Gelişmiş Arama
Ziyaret
6547
Güncellenme Tarihi: 2015/06/29
Soru Özeti
Selamun Aleyküm. Eğer bir kimsenin baba ve annesi ölmüşse onun kız kardeşleri ve erkek kardeşleri kendisinden miras alır mı yahut mirasın tümü evlatlarına ve eşine mi kalır?
Soru
Selamun Aleyküm. Eğer bir kimsenin baba ve annesi ölmüşse onun kız kardeşleri ve erkek kardeşleri kendisinden miras alır mı yahut mirasın tümü evlatlarına ve eşine mi kalır?
Kısa Cevap
Kur’an-ı Kerim’in ayetleri ve masumların hadisleri eksen alınarak fakihler bir takım kaide ve usulleri mirası taksim etmek için tedvin etmiş ve ilmihallerde onları beyan etmişlerdir.

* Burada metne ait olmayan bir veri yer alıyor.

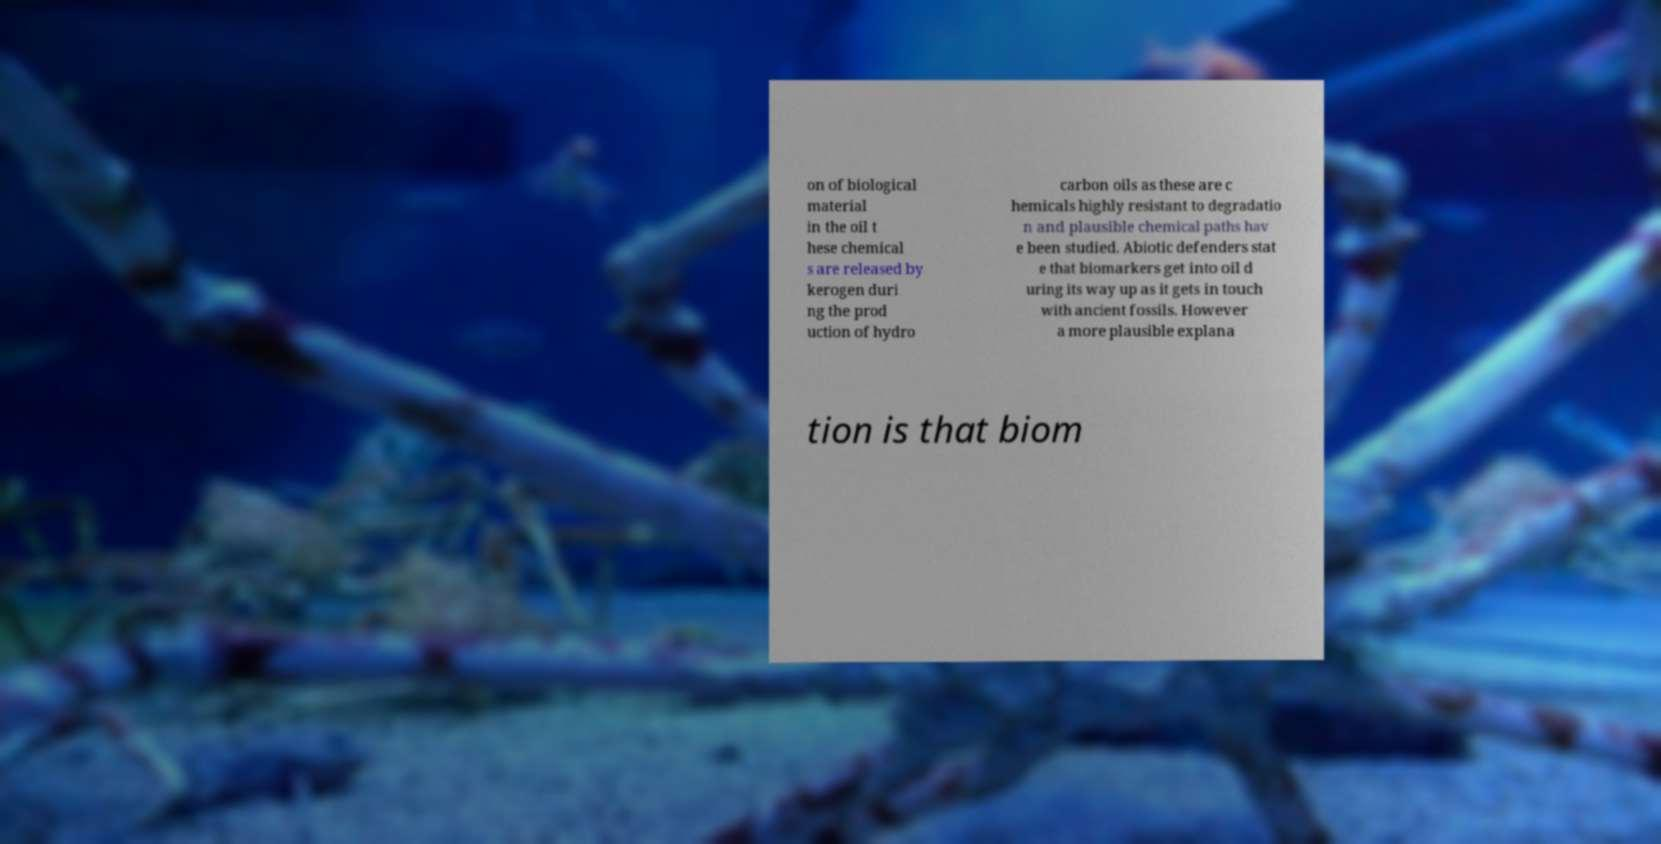Can you read and provide the text displayed in the image?This photo seems to have some interesting text. Can you extract and type it out for me? on of biological material in the oil t hese chemical s are released by kerogen duri ng the prod uction of hydro carbon oils as these are c hemicals highly resistant to degradatio n and plausible chemical paths hav e been studied. Abiotic defenders stat e that biomarkers get into oil d uring its way up as it gets in touch with ancient fossils. However a more plausible explana tion is that biom 
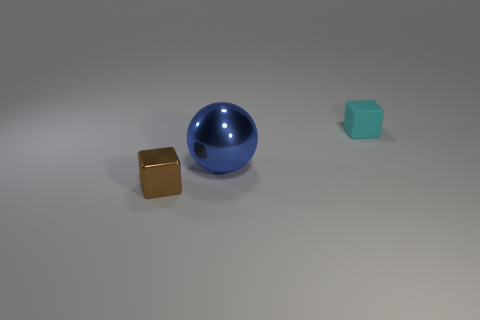Add 3 small brown shiny objects. How many objects exist? 6 Subtract all blocks. How many objects are left? 1 Add 1 small shiny objects. How many small shiny objects exist? 2 Subtract 0 purple cylinders. How many objects are left? 3 Subtract all blue spheres. Subtract all brown blocks. How many objects are left? 1 Add 1 rubber objects. How many rubber objects are left? 2 
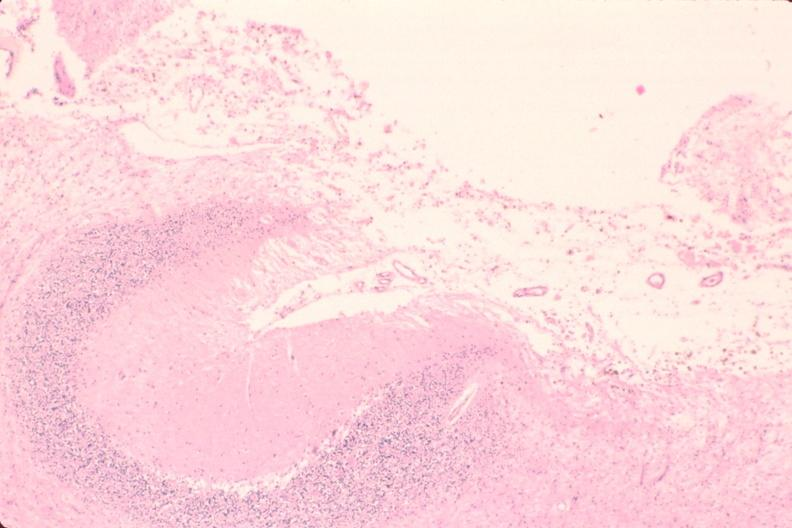does this image show brain, encephalomalasia?
Answer the question using a single word or phrase. Yes 
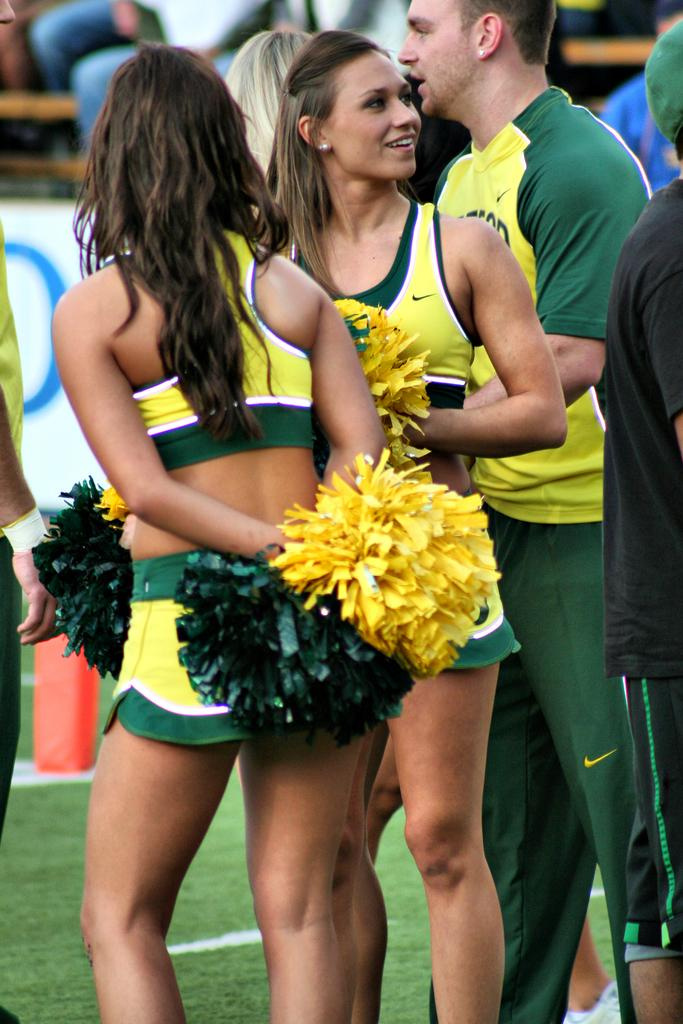What is the general setting of the image? There are people standing on the ground in the image. What are the women holding in their hands? The women are holding color papers in their hands. Are there any ghosts visible in the image? No, there are no ghosts present in the image. What type of cable is being used by the women in the image? There is no cable present in the image; the women are holding color papers.

Mirası taksim etmeyle ilgili konuların aydınlanması için her tabakadaki varislere, mirasın asıl ve fer’i kaidelerine ve aynı şekilde matematiğe aşina olmak gerekir. Genel olarak varisler üç tabakada yer alırlar:
Birinci Tabaka: Baba, anne ve evlatlar (vasıtasız veya vasıtalı).
İkinci Tabaka: Büyün baba ve büyük anne (vasıtasız veya vasıtalı), (vasıtasız veya vasıtalı olmak üzere) erkek kardeş, kız kardeş, erkek ve kız kardeşten olan yeğenler.

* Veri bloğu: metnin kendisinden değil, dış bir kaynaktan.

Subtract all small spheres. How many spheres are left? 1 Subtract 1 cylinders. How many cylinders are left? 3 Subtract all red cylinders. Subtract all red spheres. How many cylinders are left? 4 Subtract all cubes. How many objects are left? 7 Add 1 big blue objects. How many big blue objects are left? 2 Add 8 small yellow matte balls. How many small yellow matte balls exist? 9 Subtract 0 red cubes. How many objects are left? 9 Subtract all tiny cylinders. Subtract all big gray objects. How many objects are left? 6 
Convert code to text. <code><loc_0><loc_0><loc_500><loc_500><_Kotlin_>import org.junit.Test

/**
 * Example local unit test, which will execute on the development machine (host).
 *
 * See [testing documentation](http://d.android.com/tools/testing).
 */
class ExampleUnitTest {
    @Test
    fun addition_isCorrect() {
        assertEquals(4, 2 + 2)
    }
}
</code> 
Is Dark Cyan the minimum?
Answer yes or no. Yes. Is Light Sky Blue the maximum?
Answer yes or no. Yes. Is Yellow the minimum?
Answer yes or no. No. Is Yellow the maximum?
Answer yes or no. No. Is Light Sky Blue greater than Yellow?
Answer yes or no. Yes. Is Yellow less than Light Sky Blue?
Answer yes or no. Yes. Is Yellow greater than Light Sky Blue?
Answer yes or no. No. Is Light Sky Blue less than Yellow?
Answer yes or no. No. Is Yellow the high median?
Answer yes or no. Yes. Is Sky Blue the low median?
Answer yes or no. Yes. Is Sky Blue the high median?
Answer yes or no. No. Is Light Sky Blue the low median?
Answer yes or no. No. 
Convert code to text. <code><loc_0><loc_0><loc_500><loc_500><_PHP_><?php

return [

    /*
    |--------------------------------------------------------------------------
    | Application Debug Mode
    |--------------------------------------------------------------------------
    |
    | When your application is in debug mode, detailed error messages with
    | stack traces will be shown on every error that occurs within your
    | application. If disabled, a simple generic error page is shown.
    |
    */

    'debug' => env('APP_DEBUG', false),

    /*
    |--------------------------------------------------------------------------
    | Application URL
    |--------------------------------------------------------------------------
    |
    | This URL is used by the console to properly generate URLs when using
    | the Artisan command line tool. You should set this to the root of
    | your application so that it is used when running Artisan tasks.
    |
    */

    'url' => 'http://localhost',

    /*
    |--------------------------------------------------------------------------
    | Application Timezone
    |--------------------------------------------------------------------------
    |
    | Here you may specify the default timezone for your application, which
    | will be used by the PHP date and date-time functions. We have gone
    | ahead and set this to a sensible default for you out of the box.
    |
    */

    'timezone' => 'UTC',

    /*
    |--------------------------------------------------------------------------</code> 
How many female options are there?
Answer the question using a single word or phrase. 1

Üçüncü Tabaka: Amca, hala, dayı, teyze ve onların evlatları (burada amca, hala, dayı ve teyzeden maksat ya şahsın bizzat amcası, halası, dayısı ve teyzesidir veya babanın veya annenin veyahut amcanın, büyük babanın veyahut büyük annenin amcası, halası, dayısı ve teyzesidir. Onların evlatlarından maksat da vasıtasız veya vasıtalı tüm evlatlardır).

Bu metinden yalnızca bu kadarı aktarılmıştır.